Sabíamos que durante los últimos años su salud había desmejorado. Dejó de ser la “parada” obligada en la plaza principal, con el diario en la mano, el fútbol como tema del día y la carcajada como obligación. No obstante, un fiel puñado de amigos se encargó de llevarle alegría a su vida, no sólo por visitarlo sino por sacarlo de su inmovilidad para que disfrutara de algunos homenajes y reconocimientos que recibía con emocionado silencio, mientras alrededor escuchaba decenas de anécdotas en las que ocupaba el rol estelar de la jarana..
La vieja cancha de Correos y Telecomunicaciones, al sur de la ciudad, temprano lo mostró en la sexta división como un dotado. No era época de formadores, apenas alguien que repartía las camisetas, preguntaba el puesto: ¿de qué jugás, pibe..? y a la cancha… Con edad de reserva debutó con la camiseta aurinegra en 1967, cuando estaban en la Primera B y dirigía el equipo superior don Rogelio Cayón. Al año siguiente, ya estaba en la cuarta división de Independiente de Avellaneda. Pese a tener las condiciones y haberse destacado, no quedó con los rojos.

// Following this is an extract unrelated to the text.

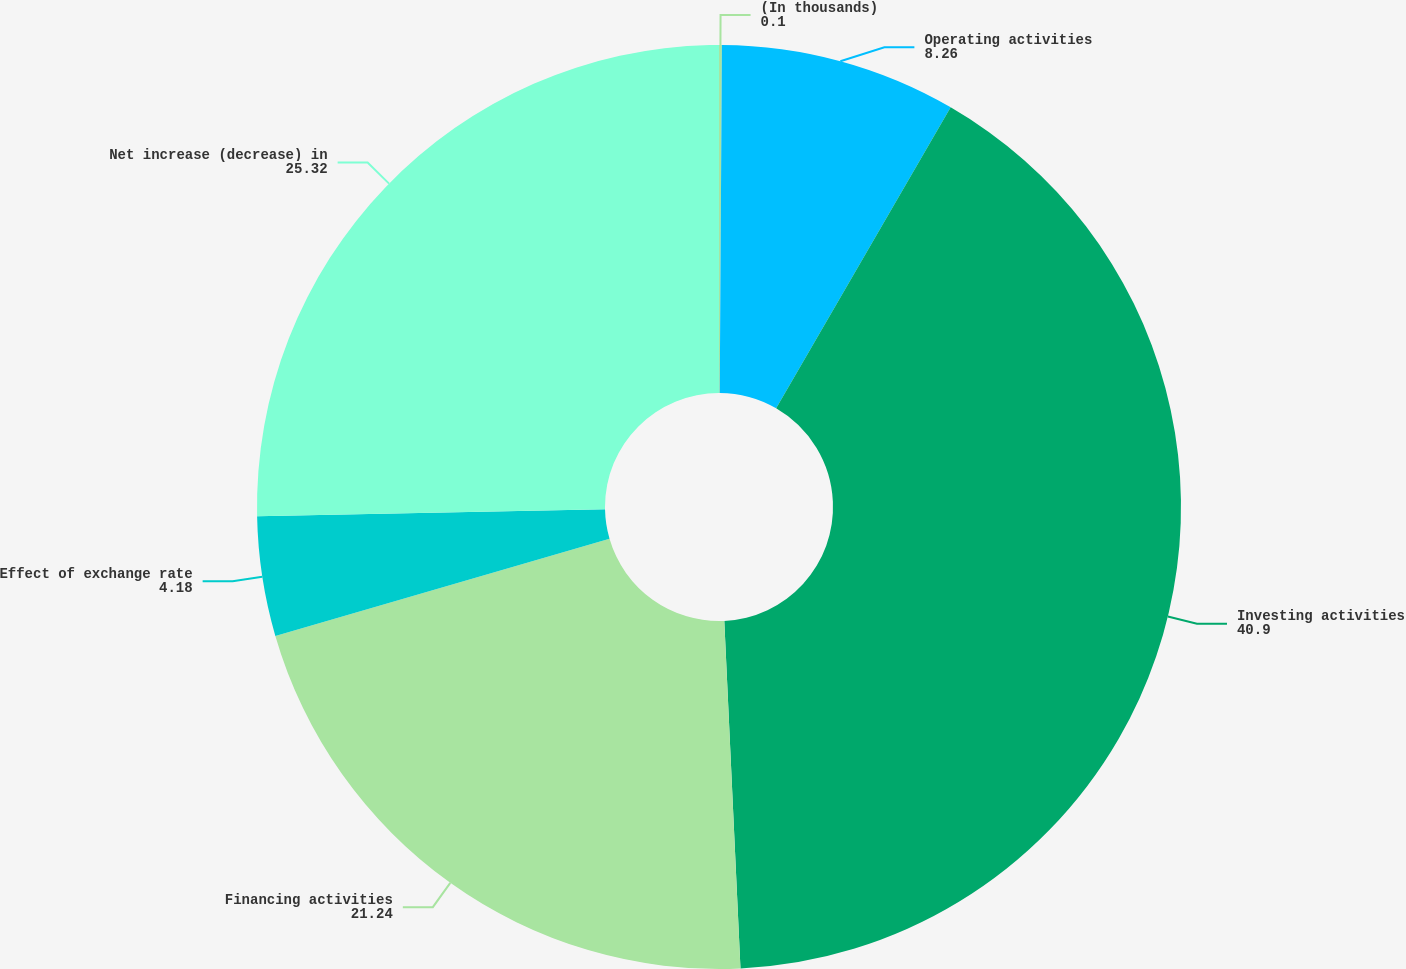<chart> <loc_0><loc_0><loc_500><loc_500><pie_chart><fcel>(In thousands)<fcel>Operating activities<fcel>Investing activities<fcel>Financing activities<fcel>Effect of exchange rate<fcel>Net increase (decrease) in<nl><fcel>0.1%<fcel>8.26%<fcel>40.9%<fcel>21.24%<fcel>4.18%<fcel>25.32%<nl></chart>

Por eso al regresar, se incorporó a la A.A. Estudiantes, donde fue campeón oficial 1969, 1973, 1974, 1975 (que le fue adjudicado a Banda Norte); en el medio, jugó para Juniors de Córdoba en 1971 y con la selección de Río Cuarto obtuvo el inolvidable campeonato argentino de 1973, en su tiempo de esplendor. Vistió los colores del “obo del Parque en 1976 y el Arsenal de las celebridades en 1977. Siguió en Pabellón Argentino de Alejandro y cerró ese trayecto futbolístico en Sportivo Atenas, donde logró el título Clasificación 1980. En todos lados repartió sus dones: buen fútbol, grandes goles e insobornable alegría, es decir, picardía, intuición y humor.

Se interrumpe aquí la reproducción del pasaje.